El Volcán de oro
El Volcán de oro La finca de Green Valley rendía, entre años buenos y malos, unos veinte mil francos que se repartían los dos primos, ya que la propiedad estaba en indiviso, lo mismo que la casa de Montreal. El cultivo se hacía a gran escala, ya que el suelo era fértil para forrajes y cereales, cuyo rendimiento se sumaba al de los magníficos bosques que todavía cubrían los territorios del Dominio, principalmente en su parte oriental. La granja comprendía un conjunto de construcciones bien dispuestas y bien mantenidas: cuadras, graneros, establos, gallineros, galpones, y poseía un material completo y muy moderno, como actualmente lo exigen las necesidades de la agricultura. En cuanto a la casa del propietario, consistía en un pabellón a la entrada de un vasto parque vallado, cubierto de hierba y sombreado de árboles, cuya sencillez no excluía la comodidad.

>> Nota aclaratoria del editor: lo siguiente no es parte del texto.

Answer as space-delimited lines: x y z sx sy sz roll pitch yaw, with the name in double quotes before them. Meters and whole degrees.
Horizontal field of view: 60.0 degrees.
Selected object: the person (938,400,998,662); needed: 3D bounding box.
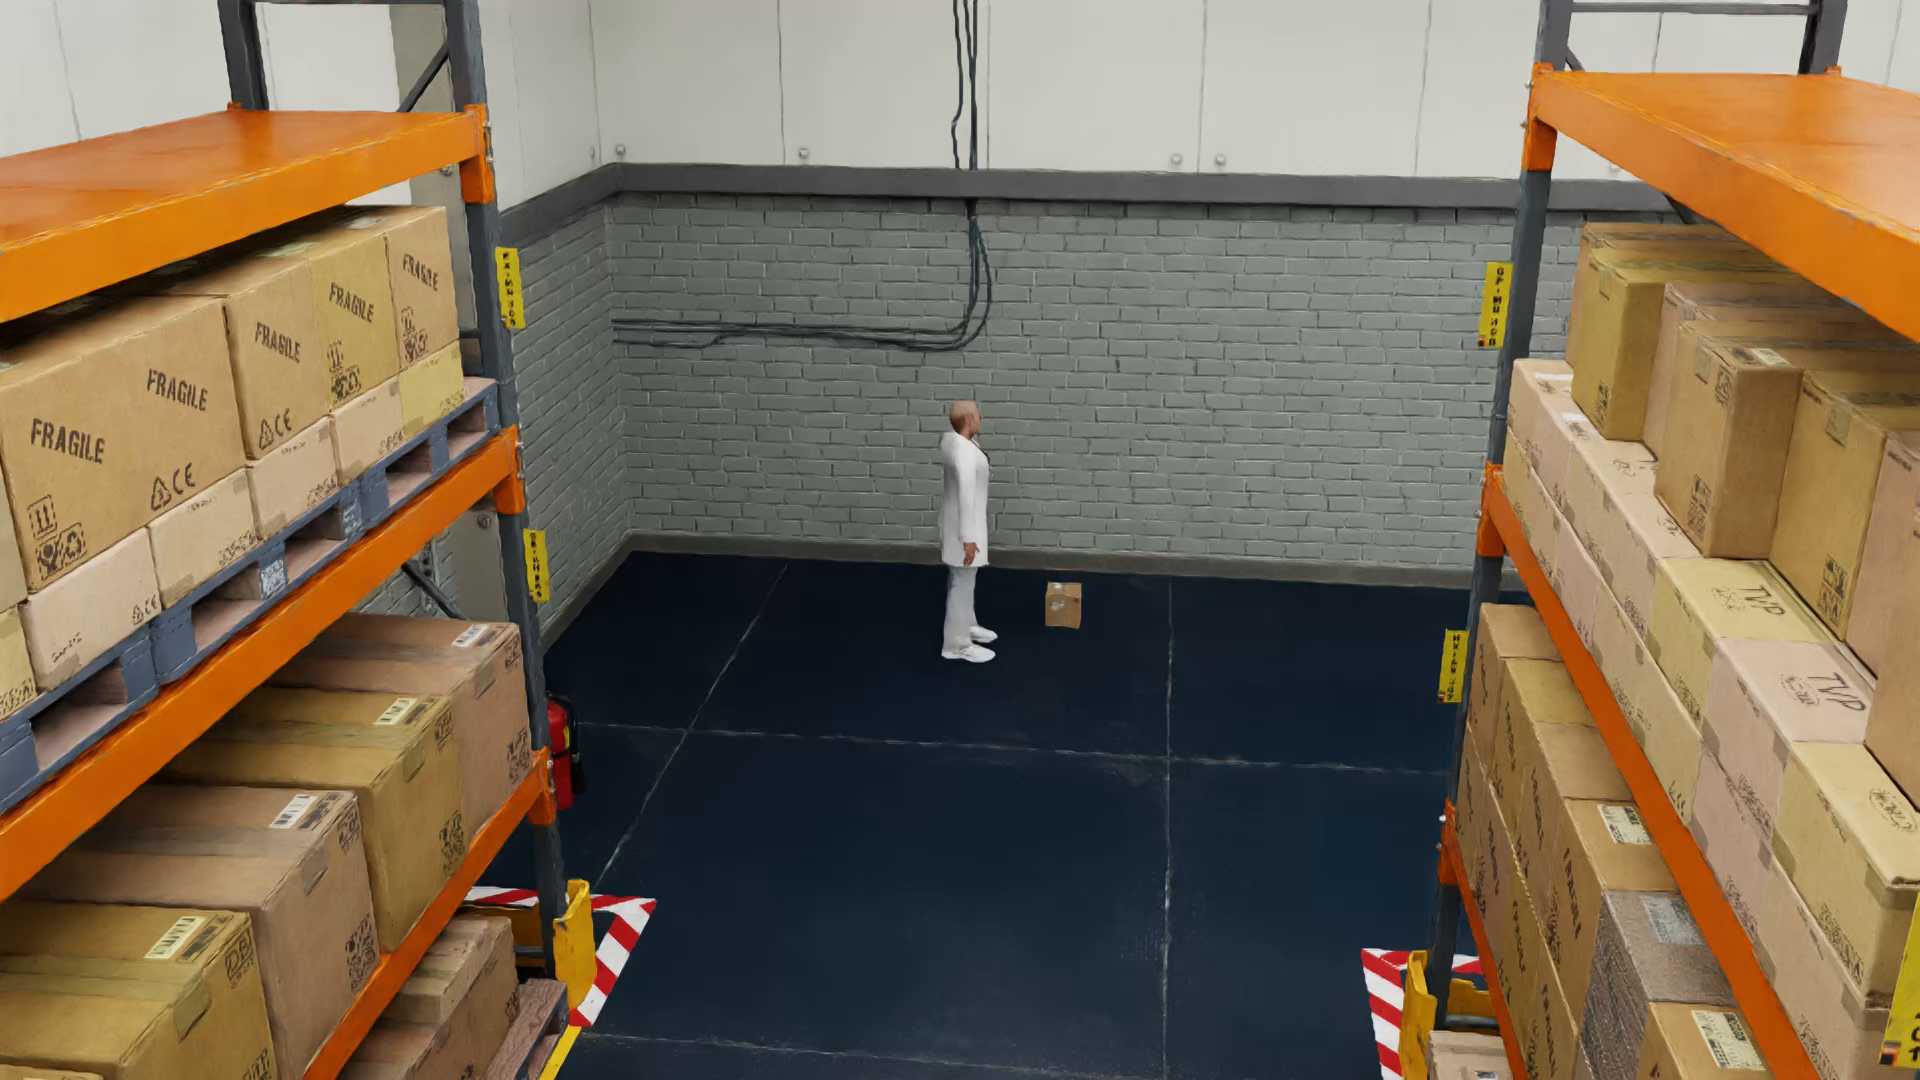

Tal era la vivienda en la que Summy Skim y Ben Raddle[3] pasaban la estación cálida y que al menos el primero no hubiera deseado cambiar por ninguno de los castillos señoriales de los opulentos americanos. Por muy modesta que fuera, le bastaba, y no soñaba con agrandarla ni con embellecerla, satisfecho con lo que la naturaleza le proporcionaba. Allí transcurrían sus días, que pasaban en ejercicios cinegéticos, y las noches, siempre favorables para un buen sueño.